Figure 5 shows the relationship between the actual melamine concentration and the predicted ones from the PLS model by scatter plot. Similarly, Figure 6 shows the scatter plot for the UVE-PLS model. In these plots, predicted concentration values are plotted against actual ones and the points will fall on the diagonal only if the model predicts the concentration perfectly. As shown in Figures 5 and 6, for the training set, there is no obvious difference between the PLS and UVE-PLS model since those points corresponding to the training set (expressed by red triangles) have a similar distribution around the diagonal. However, on the test set (expressed by blue stars), the UVE-PLS model outperforms the full-spectrum PLS model. It is also clear in Figures 5 and 6 that the same model can provide different predictions for the same sample due to the spectral diversity. Table 1 summarizes the performance comparison of the optimal quantitative PLS and UVE-PLS models based on three indices. It is clear that UVE-PLS can not only compress the spectral data in a very high ratio but also provide excellent model/predictions corresponding to RPD = 6.23.

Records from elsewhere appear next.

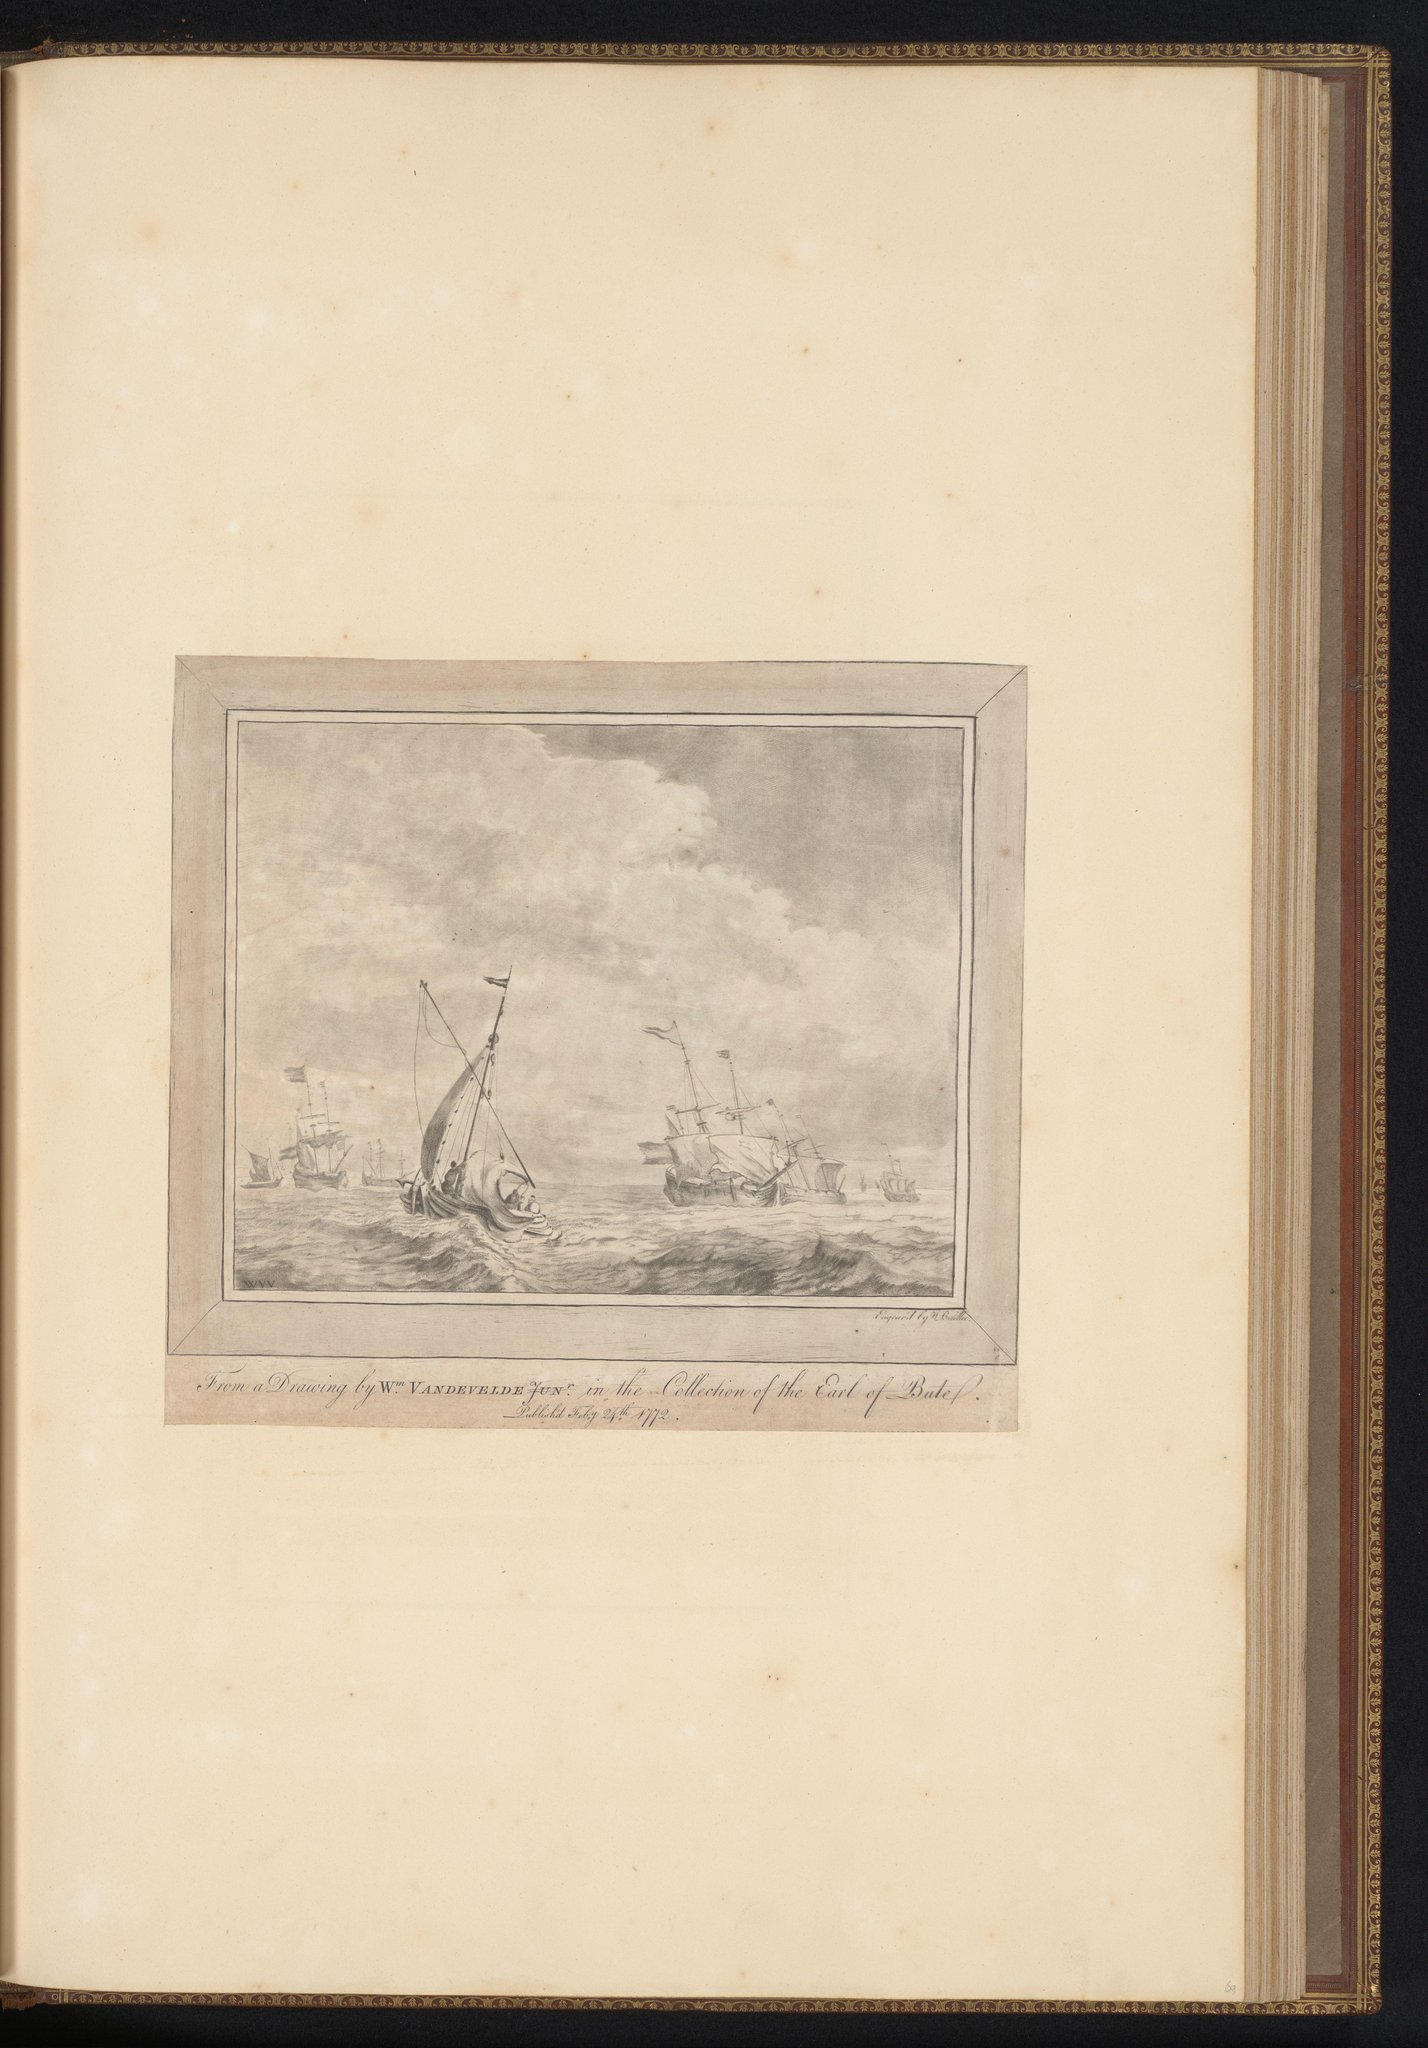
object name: album leaf
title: Schepen op een rustige zee
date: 1772
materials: paper
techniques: printmaking, rocker stamped
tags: sea (seascape), laundering
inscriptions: date
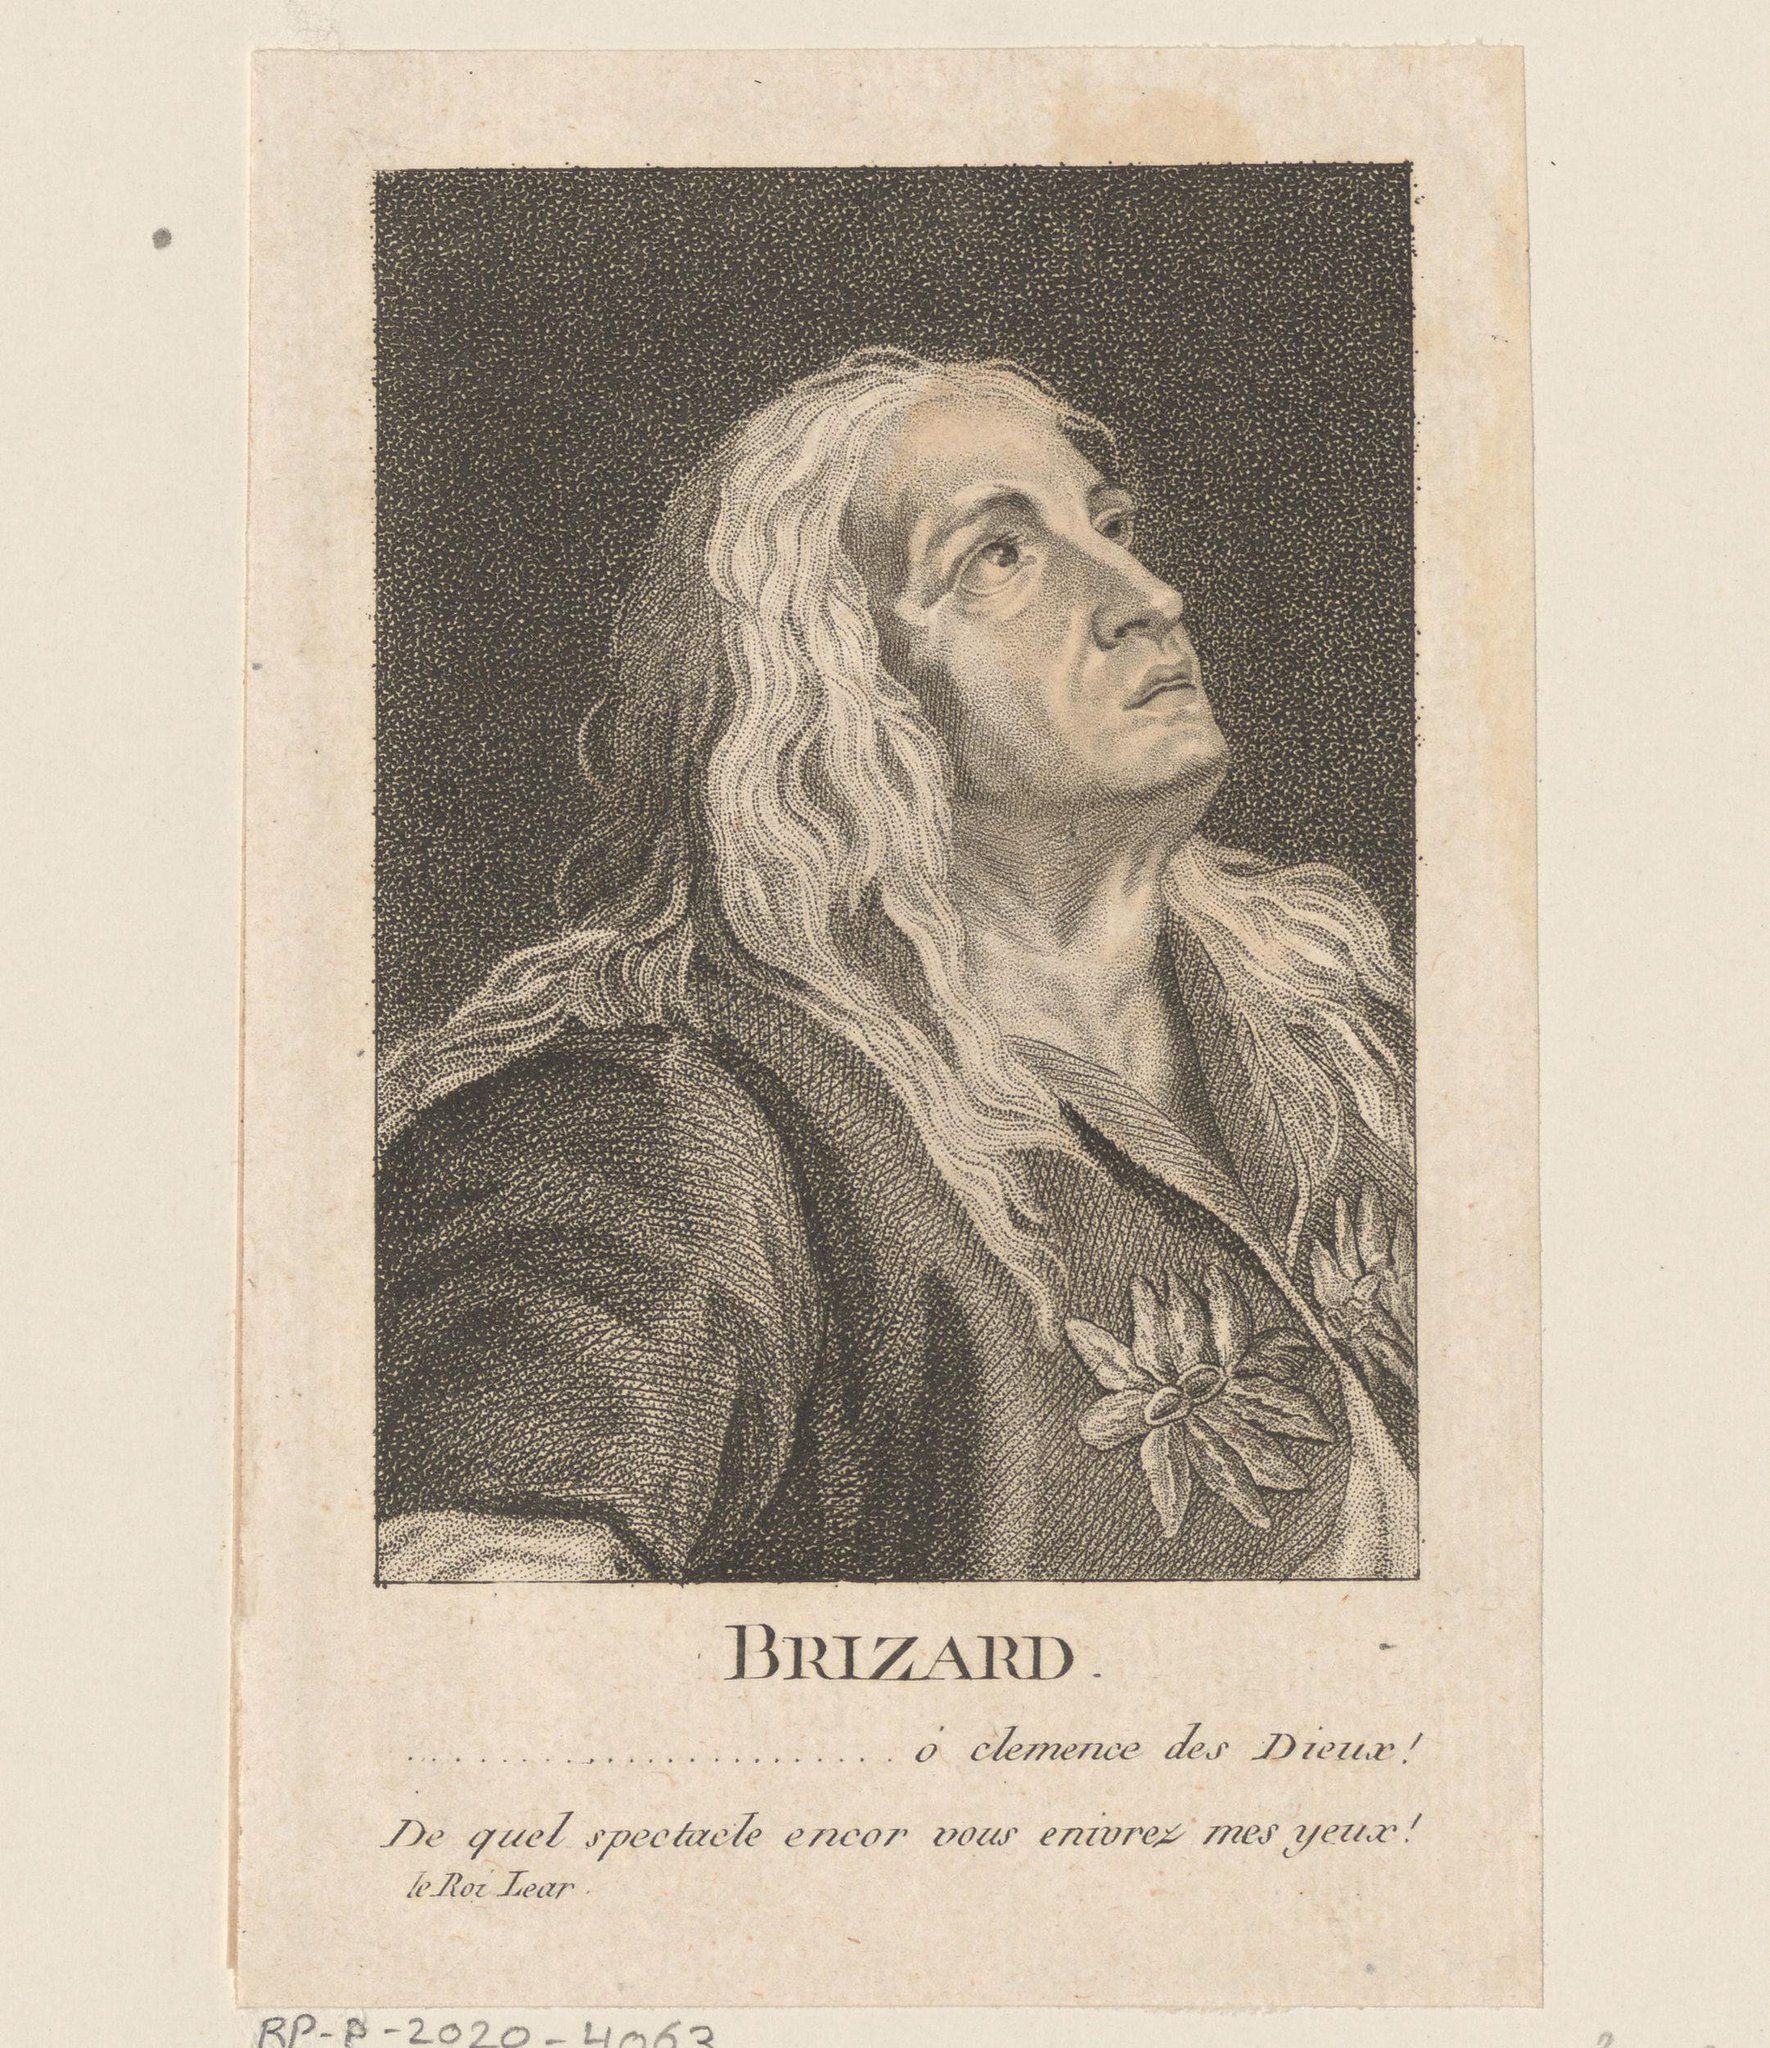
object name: print
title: Portret van Jean-Baptiste Brizard in de rol van koning Lear
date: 1775-1799
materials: paper
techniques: engraving
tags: historical persons, portrait of actor, actress, king lear

##### 3.3. Qualitative Model

To construct a PLS-DA model for identifying/classifying the milk samples, all 75 spectra were divided into a training set with 38 spectra and a test set with 37 spectra. For classification/identification purposes, each sample or spectrum was assigned a class label (1 for unadulterated and 2 for adulterated milk with melamine). The adulterated concentration of melamine was 0.01–0.29% and 0.03%–0.27% for the training set and the test set, respectively. The number of Lvs was optimized in the range of 2–10. It was found that when the number of variables was greater than 4, all samples were classified correctly, as Figure 7 showed, implying the sensitivity of 100% and specificity of 100%. The circles denoted the predicted class labels while the points denoted actual labels in Figure 7. Therefore, the calibrated PLS-DA model can be considered to be reliable and stable, since its performance on future samples is expected to be comparable to those achieved on the training samples. To prove the ability of the PLS-DA, the soft independent modeling of class analogy (SIMCA) was also used and the optimal model contained 4 principal components. As can be seen in Figure 8, there existed four samples with low adulterated concentration misclassified as pure samples for both the training set and the test set. For the optimal SIMCA model, even if the specificity was 100%, the sensitivity was 82.6% and 81.8% for the training set and the test set, respectively. The classification model developed based on PLS-DA and NIR spectroscopy could be used as a potential method for melamine identification in milk products.

**(a) Training**

**(b) Test**

**(a) Training**

**(b) Test**

#### 4. Conclusions

A fast-screening approach for detecting melamine in liquor milk with NIR spectroscopy was developed. Both quantitative UVE-PLS model and qualitative PLS-DA model were constructed and showed satisfactory performance compared to the optimal reference models, that is, PLS and SIMCA. It can serve as a promising complementary scheme for conventional methods with less interference and lower investment and could be suitably applied to on-site quality control of milk products. Even so, to reduce the detection limit, further research is still needed.

#### Competing Interests

The authors declare that there is no conflict of interests regarding the publication of this paper.

#### Acknowledgments

The authors thank the National Natural Science Foundation of China (Grant no. 21375118), the Applied Basic Research Programs of Science and Technology Department of Sichuan Province of China (2013JY0101), Innovative Research and Teaching Team Program of Yibin University (Cx201104), Scientific Research Foundation of Sichuan Provincial Education Department of China (13ZB0300), and Opening Fund of Key Lab of Process Analysis and Control of Sichuan Universities of China (2015006) for supporting this work.